Food or edible material: processes – compositions – and products – Processes
Patent
1995-09-22
1997-08-19
Yeung, George
Food or edible material: processes, compositions, and products
Processes
99467, 99484, 426416, 426599, A23P 100
Patent
active
056586108
DESCRIPTION:
BRIEF SUMMARY
TECHNICAL FIELD
The present invention relates to a method and a device for high-pressure treatment of liquid substances, for example foodstuffs, wherein the substance undergoes a cyclic process where a limited amount of the substance during each cycle is pressurized in a pressure intensifier to a predetermined pressure and is then maintained at this pressure for a predetermined period of time.
The method and the device are especially suitable for use in high-pressure treatment of large quantities of liquid substances and where certain demands are placed on how large a volume of the substance that can be treated per unit of time.
BACKGROUND ART
In recent years, high-pressure treatment has started to be utilized as a method for, among other things, inactivating microorganisms and certain enzymes in foodstuffs, in particular in foodstuffs of a particularly high quality, such as fruit juices and the like. The advantage of high-pressure treatment as compared with the more frequently used heat-treatment method is that the microorganisms and the degrading enzymes in the freshly pressed juice are killed or inactivated without destroying vitamins and flavouring. During heat treatment, on the other hand, the taste and the vitamin contents are changed, which requires additives to restore, as far as possible, the nutritive value and taste of the freshly pressed juice.

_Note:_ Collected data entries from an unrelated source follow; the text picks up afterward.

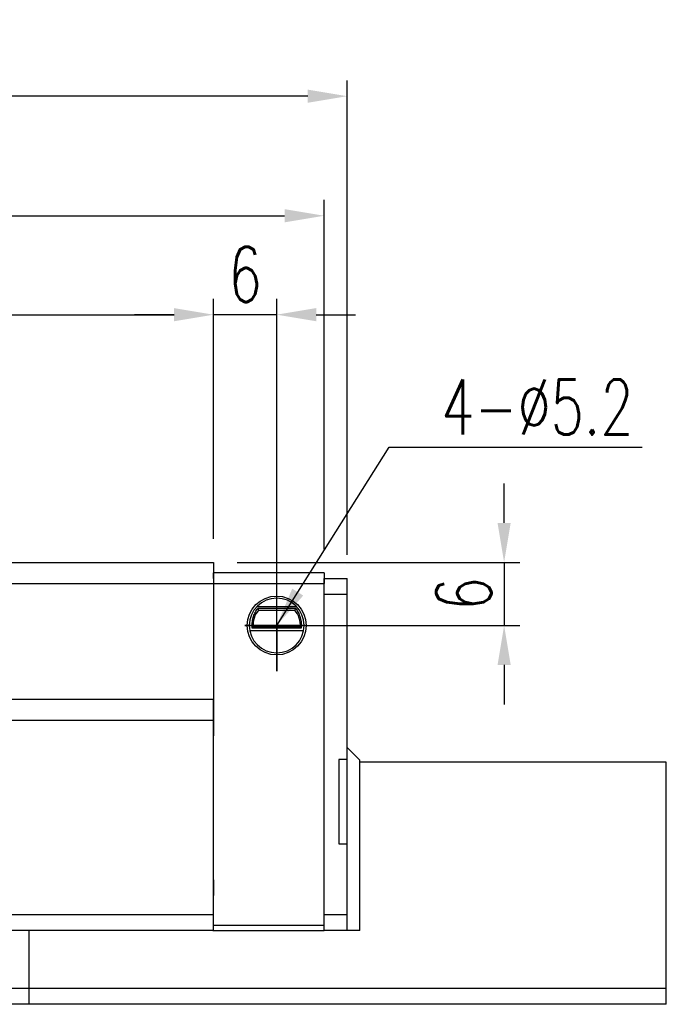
# Model space of a CAD drawing. Header units: millimetres. Extents: x 421 to 815, y 477 to 606.
# Tile 52 of 52: x 754 to 815, y 500 to 594. Entities that reach past the tile are written whole.
import ezdxf
from ezdxf.lldxf.tags import DXFTag

# ---------------------------------------------------------------- set-up
doc = ezdxf.new("R2010")
doc.units = ezdxf.units.MM
doc.layers.get('DEFPOINTS').update_dxf_attribs({"linetype": 'CONTINUOUS'})
for name, color, linetype in [('2', 7, 'CONTINUOUS'), ('DIM', 4, 'CONTINUOUS'), ('HID', 2, 'DASHED')]:
    doc.layers.add(name, color=color, linetype=linetype)
doc.styles.add('DIM-7', font='SIMPLEX.shx', dxfattribs={"width": 0.7, "bigfont": 'chineset.shx'})
tags = doc.linetypes.add('DASHED', pattern=[25.72, 12.86, -12.86]).pattern_tags.tags
tags[6:7] = [DXFTag(74, 4), DXFTag(75, 0), DXFTag(340, '0'), DXFTag(46, 0.0), DXFTag(50, 0.0), DXFTag(44, 0.0), DXFTag(45, 0.0)]
tags[4:5] = [DXFTag(74, 4), DXFTag(75, 0), DXFTag(340, '0'), DXFTag(46, 0.0), DXFTag(50, 0.0), DXFTag(44, 0.0), DXFTag(45, 0.0)]
doc.dimstyles.new('CNS', dxfattribs={"dimtxt": 3.5, "dimasz": 2.5, "dimexe": 1, "dimexo": 1.5, "dimgap": 0.09, "dimtad": 0, "dimdsep": 46, "dimtxsty": 'DIM-7', "dimcen": 0.09, "dimclrd": 1, "dimclre": 1, "dimclrt": 4, "dimadec": 0, "dimazin": 0, "dimtfac": 1, "dimtix": 1, "dimtmove": 2, "dimatfit": 3, "dimfxl": 1, "dimtvp": 0.971429, "dimtolj": 1, "dimarcsym": 0})

# ---------------------------------------------------------------- blocks, each defined once
blk = doc.blocks.new('*D17')
at = {"layer": 'DEFPOINTS', "color": 0, "transparency": 16777216}
for p in [(772.275, 565.649), (667.275, 542.113), (772.275, 542.113)]:
    blk.add_point(p, dxfattribs=at)
at = {"layer": 'DIM', "color": 7, "lineweight": -2, "transparency": 16777216}
for p, q in [((667.275, 544.363), (667.275, 567.149)), ((772.275, 544.363), (772.275, 567.149)), ((671.025, 565.649), (768.525, 565.649))]:
    blk.add_line(p, q, dxfattribs=at)
at = {"layer": 'DIM', "color": 7, "transparency": 16777216}
for points in [[(671.025, 566.274), (671.025, 565.024), (667.275, 565.649)], [(768.525, 566.274), (768.525, 565.024), (772.275, 565.649)]]:
    blk.add_solid(points, dxfattribs=at)
at = {"layer": 'DIM', "color": 7, "transparency": 16777216, "insert": (719.775, 569.474), "char_height": 5.25, "attachment_point": 5, "style": 'DIM-7'}
blk.add_mtext('\\A1;105', dxfattribs=at)
blk = doc.blocks.new('*D9')
at = {"layer": 'DEFPOINTS', "color": 0, "transparency": 16777216}
for p in [(654.575, 586.412), (654.575, 540.563), (784.975, 540.563)]:
    blk.add_point(p, dxfattribs=at)
at = {"layer": 'DIM', "color": 7, "lineweight": -2, "transparency": 16777216}
for p, q in [((654.575, 542.813), (654.575, 587.912)), ((784.975, 542.813), (784.975, 587.912)), ((781.225, 586.412), (658.325, 586.412))]:
    blk.add_line(p, q, dxfattribs=at)
at = {"layer": 'DIM', "color": 7, "transparency": 16777216}
for points in [[(658.325, 587.037), (658.325, 585.787), (654.575, 586.412)], [(781.225, 587.037), (781.225, 585.787), (784.975, 586.412)]]:
    blk.add_solid(points, dxfattribs=at)
at = {"layer": 'DIM', "color": 7, "transparency": 16777216, "insert": (719.775, 590.237), "char_height": 5.25, "attachment_point": 5, "style": 'DIM-7'}
blk.add_mtext('\\A1;130.4', dxfattribs=at)
blk = doc.blocks.new('*D18')
at = {"layer": 'DEFPOINTS', "color": 0, "transparency": 16777216}
for p in [(772.275, 542.113), (778.354, 536.113), (799.874, 536.113)]:
    blk.add_point(p, dxfattribs=at)
at = {"layer": 'DIM', "color": 7, "lineweight": -2, "transparency": 16777216}
for p, q in [((799.874, 545.863), (799.874, 549.613)), ((774.525, 542.113), (801.374, 542.113)), ((799.874, 542.113), (799.874, 536.113)), ((780.604, 536.113), (801.374, 536.113)), ((799.874, 532.363), (799.874, 528.613))]:
    blk.add_line(p, q, dxfattribs=at)
at = {"layer": 'DIM', "color": 7, "transparency": 16777216}
for points in [[(799.249, 545.863), (800.499, 545.863), (799.874, 542.113)], [(799.249, 532.363), (800.499, 532.363), (799.874, 536.113)]]:
    blk.add_solid(points, dxfattribs=at)
at = {"layer": 'DIM', "color": 7, "transparency": 16777216, "insert": (796.049, 539.113), "char_height": 5.25, "attachment_point": 5, "rotation": 90, "style": 'DIM-7'}
blk.add_mtext('\\A1;6', dxfattribs=at)
blk = doc.blocks.new('*D10')
at = {"layer": 'DEFPOINTS', "color": 0, "transparency": 16777216}
for p in [(772.275, 565.649), (772.275, 542.113), (778.274, 536.113)]:
    blk.add_point(p, dxfattribs=at)
at = {"layer": 'DIM', "color": 7, "lineweight": -2, "transparency": 16777216}
for p, q in [((772.275, 544.363), (772.275, 567.149)), ((778.274, 538.363), (778.274, 567.149)), ((768.525, 565.649), (764.775, 565.649)), ((778.274, 565.649), (772.275, 565.649)), ((782.024, 565.649), (785.774, 565.649))]:
    blk.add_line(p, q, dxfattribs=at)
at = {"layer": 'DIM', "color": 7, "transparency": 16777216}
for points in [[(768.525, 566.274), (768.525, 565.024), (772.275, 565.649)], [(782.024, 566.274), (782.024, 565.024), (778.274, 565.649)]]:
    blk.add_solid(points, dxfattribs=at)
at = {"layer": 'DIM', "color": 7, "transparency": 16777216, "insert": (775.274, 569.474), "char_height": 5.25, "attachment_point": 5, "style": 'DIM-7'}
blk.add_mtext('\\A1;6', dxfattribs=at)
blk = doc.blocks.new('*D19')
at = {"layer": 'DEFPOINTS', "color": 0, "transparency": 16777216}
for p in [(782.775, 575.05), (656.775, 541.113), (782.775, 541.113)]:
    blk.add_point(p, dxfattribs=at)
at = {"layer": 'DIM', "color": 7, "lineweight": -2, "transparency": 16777216}
for p, q in [((656.775, 543.363), (656.775, 576.55)), ((782.775, 543.363), (782.775, 576.55)), ((660.525, 575.05), (779.025, 575.05))]:
    blk.add_line(p, q, dxfattribs=at)
at = {"layer": 'DIM', "color": 7, "transparency": 16777216}
for points in [[(660.525, 575.675), (660.525, 574.425), (656.775, 575.05)], [(779.025, 575.675), (779.025, 574.425), (782.775, 575.05)]]:
    blk.add_solid(points, dxfattribs=at)
at = {"layer": 'DIM', "color": 7, "transparency": 16777216, "insert": (719.775, 578.875), "char_height": 5.25, "attachment_point": 5, "style": 'DIM-7'}
blk.add_mtext('\\A1;126', dxfattribs=at)

msp = doc.modelspace()

# ---------------------------------------------------------------- linework, layer by layer
at = {"layer": '2', "color": 0, "linetype": 'Continuous'}
for p, q in [((772.275, 542.113), (772.275, 540.113)), ((782.775, 541.113), (772.275, 541.113)), ((772.275, 540.563), (772.275, 541.113)), ((782.775, 541.113), (782.775, 540.113)), ((772.275, 540.563), (772.275, 534.113)), ((772.275, 540.113), (782.775, 540.113)), ((772.276, 540.113), (772.276, 529.113)), ((782.775, 539.239), (782.775, 540.563)), ((782.775, 540.563), (784.975, 540.563)), ((784.975, 539.239), (784.975, 540.563)), ((782.775, 507.113), (782.775, 539.239)), ((784.975, 539.073), (782.775, 539.073)), ((784.975, 523.363), (784.975, 539.239)), ((780.188, 537.873), (776.361, 537.873)), ((776.398, 537.913), (780.151, 537.913)), ((776.468, 537.753), (780.081, 537.753)), ((776.554, 537.563), (779.995, 537.563)), ((780.826, 535.613), (775.723, 535.613)), ((780.605, 535.87), (775.944, 535.87)), ((780.52, 535.963), (776.03, 535.963)), ((667.275, 529.113), (772.275, 529.113)), ((772.276, 529.113), (772.276, 527.113)), ((772.276, 509.113), (772.276, 529.113)), ((667.275, 527.113), (772.275, 527.113)), ((772.276, 527.113), (772.276, 525.613)), ((786.175, 523.313), (784.975, 524.513)), ((784.975, 523.363), (784.175, 523.363)), ((784.175, 523.363), (784.175, 515.363)), ((784.975, 515.363), (784.975, 523.363)), ((815.275, 523.113), (786.174, 523.113)), ((786.175, 507.113), (786.175, 523.313)), ((815.275, 522.706), (815.275, 523.113)), ((815.275, 520.753), (815.275, 522.706)), ((815.275, 520.261), (815.275, 520.753)), ((815.275, 518.464), (815.275, 520.261)), ((815.275, 517.973), (815.275, 518.464)), ((815.275, 515.782), (815.275, 517.973)), ((815.275, 515.473), (815.275, 515.782)), ((784.175, 515.363), (784.975, 515.363)), ((784.975, 507.113), (784.975, 515.363)), ((815.275, 515.02), (815.275, 515.473)), ((815.275, 514.525), (815.275, 515.02)), ((815.275, 510.603), (815.275, 514.525)), ((772.276, 511.943), (772.276, 510.443)), ((772.276, 508.613), (772.276, 510.443)), ((815.275, 510.108), (815.275, 510.603)), ((815.275, 507.318), (815.275, 510.108)), ((772.276, 508.613), (772.276, 509.113)), ((772.275, 508.613), (667.275, 508.613)), ((772.276, 507.113), (772.276, 508.613)), ((784.975, 508.613), (782.775, 508.613)), ((782.775, 507.613), (772.195, 507.613)), ((815.275, 506.823), (815.275, 507.318)), ((772.196, 507.113), (782.775, 507.113)), ((786.175, 507.113), (782.775, 507.113)), ((815.275, 501.613), (815.275, 506.823)), ((815.275, 500.113), (815.275, 501.613))]:
    msp.add_line(p, q, dxfattribs=at)
at = {"layer": '2', "color": 0, "linetype": 'Continuous', "extrusion": (0, 0, -1)}
for start, end in [(270, 90), (90, 270)]:
    msp.add_arc((-778.275, 536.113), 2.8, start, end, dxfattribs=at)
at = {"layer": '2', "color": 0, "linetype": 'Continuous'}
for radius, start, end in [(2.6, 90, 270), (2.6, 270, 90), (2.25, 139.87597, 183.82255), (2.25, 356.17745, 40.12403)]:
    msp.add_arc((778.275, 536.113), radius, start, end, dxfattribs=at)
for points, degree in [([(667.275, 542.113), (772.275, 542.113)], 1), ([(667.275, 540.113), (772.275, 540.113)], 1), ([(776.468, 537.753), (776.496, 537.689), (776.525, 537.626), (776.554, 537.563)], 3), ([(780.081, 537.753), (780.053, 537.689), (780.025, 537.626), (779.995, 537.563)], 3), ([(775.944, 535.87), (775.972, 535.901), (776.001, 535.932), (776.03, 535.963)], 3), ([(780.605, 535.87), (780.577, 535.901), (780.549, 535.932), (780.52, 535.963)], 3), ([(772.275, 507.113), (667.275, 507.113)], 1), ([(815.275, 501.613), (613.698, 501.613)], 1), ([(815.275, 500.113), (570.275, 500.113)], 1)]:
    msp.add_open_spline(points, degree=degree, dxfattribs=at)
for points, knots in [([(775.944, 535.87), (775.929, 536.037), (775.929, 536.212), (775.963, 536.545), (775.996, 536.708), (776.084, 537.012), (776.141, 537.155), (776.269, 537.426), (776.343, 537.551), (776.427, 537.687), (776.45, 537.723), (776.468, 537.753)], [0, 0, 0, 0, 0.210594, 0.210594, 0.420541, 0.420541, 0.639677, 0.639677, 0.895818, 0.895818, 1, 1, 1, 1]), ([(780.081, 537.753), (780.126, 537.679), (780.195, 537.573), (780.335, 537.318), (780.407, 537.165), (780.519, 536.843), (780.563, 536.673), (780.614, 536.32), (780.623, 536.131), (780.61, 535.923), (780.608, 535.896), (780.605, 535.87)], [0, 0, 0, 0, 0.257803, 0.257803, 0.514098, 0.514098, 0.739867, 0.739867, 0.967139, 0.967139, 1, 1, 1, 1])]:
    msp.add_open_spline(points, degree=3, knots=knots, dxfattribs=at)
at = {"layer": 'DIM', "color": 0}
for p, q in [((778.276, 531.775), (778.275, 539.656)), ((780.987, 536.113), (775.248, 536.113)), ((775.248, 536.113), (778.276, 536.113)), ((778.275, 536.113), (780.987, 536.113)), ((778.276, 536.113), (778.276, 531.775))]:
    msp.add_line(p, q, dxfattribs=at)
at = {"layer": 'HID', "color": 0, "ltscale": 0.1}
msp.add_line((754.775, 500.113), (754.775, 507.113), dxfattribs=at)

# ---------------------------------------------------------------- texts
at = {"layer": 'DIM', "color": 0, "insert": (793.901, 554.249), "char_height": 5.25, "attachment_point": 7, "style": 'DIM-7'}
msp.add_mtext('4-%%C5.2', dxfattribs=at)

# ---------------------------------------------------------------- dimensions: what is measured, and where the dimension line sits
at = {"layer": 'DIM', "color": 0}
for base, p1, p2, picture, middle in [((654.575, 586.412), (784.975, 540.563), (654.575, 540.563), '*D9', (719.775, 590.237)), ((782.775, 575.05), (656.775, 541.113), (782.775, 541.113), '*D19', (719.775, 578.875)), ((772.275, 565.649), (667.275, 542.113), (772.275, 542.113), '*D17', (719.775, 569.474)), ((772.275, 565.649), (778.274, 536.113), (772.275, 542.113), '*D10', (775.274, 569.474))]:
    dim = msp.add_linear_dim(base=base, p1=p1, p2=p2, dimstyle='CNS', override={"dimscale": 1.5, "dimgap": 0.8, "dimtad": 1, "dimclrd": 7, "dimclre": 7, "dimclrt": 7, "dimadec": 2, "dimazin": 2, "dimtm": 1e-09, "dimtfac": 0.6, "dimtmove": 1}, dxfattribs=at)
    dim.commit()
    dim.dimension.update_dxf_attribs({"geometry": picture, "text_midpoint": middle})
dim = msp.add_linear_dim(base=(799.874, 536.113), p1=(772.275, 542.113), p2=(778.354, 536.113), angle=90, dimstyle='CNS', override={"dimscale": 1.5, "dimgap": 0.8, "dimtad": 1, "dimclrd": 7, "dimclre": 7, "dimclrt": 7, "dimadec": 2, "dimazin": 2, "dimtm": 1e-09, "dimtfac": 0.6, "dimtmove": 1}, dxfattribs=at)
dim.commit()
dim.dimension.update_dxf_attribs({"geometry": '*D18', "text_midpoint": (796.049, 539.113)})

# ---------------------------------------------------------------- leaders
at = {"layer": 'DIM', "color": 0, "annotation_type": 0, "has_hookline": 1, "hookline_direction": 0, "text_width": 19.075}
msp.add_leader([(778.275, 536.113), (788.951, 553.049), (792.701, 553.049)], dimstyle='CNS', override={"dimscale": 1.5, "dimgap": 0.8, "dimtad": 1, "dimclrd": 7, "dimclre": 4, "dimadec": 2, "dimazin": 2, "dimtm": 1e-09, "dimtfac": 0.6, "dimtmove": 1}, dxfattribs=at)

doc.saveas('drawing.dxf')

A decisive factor for obtaining a good result during the high-pressure treatment is that the substance is maintained under a sufficiently high pressure for a sufficiently long period of time. The pressure and the holding time are chosen in dependence on the properties of the substance to be treated, and the general rule is that the higher the pressure and the longer the holding time, the better the result. Further, the rule applies, within certain limits, that if the holding time is extended, the pressure can be reduced and vice versa. Daring treatment of fruit juices, the pressure is usually set a 1,000-15,000 bar and the holding time can vary between a few seconds and some 10 to 30 minutes.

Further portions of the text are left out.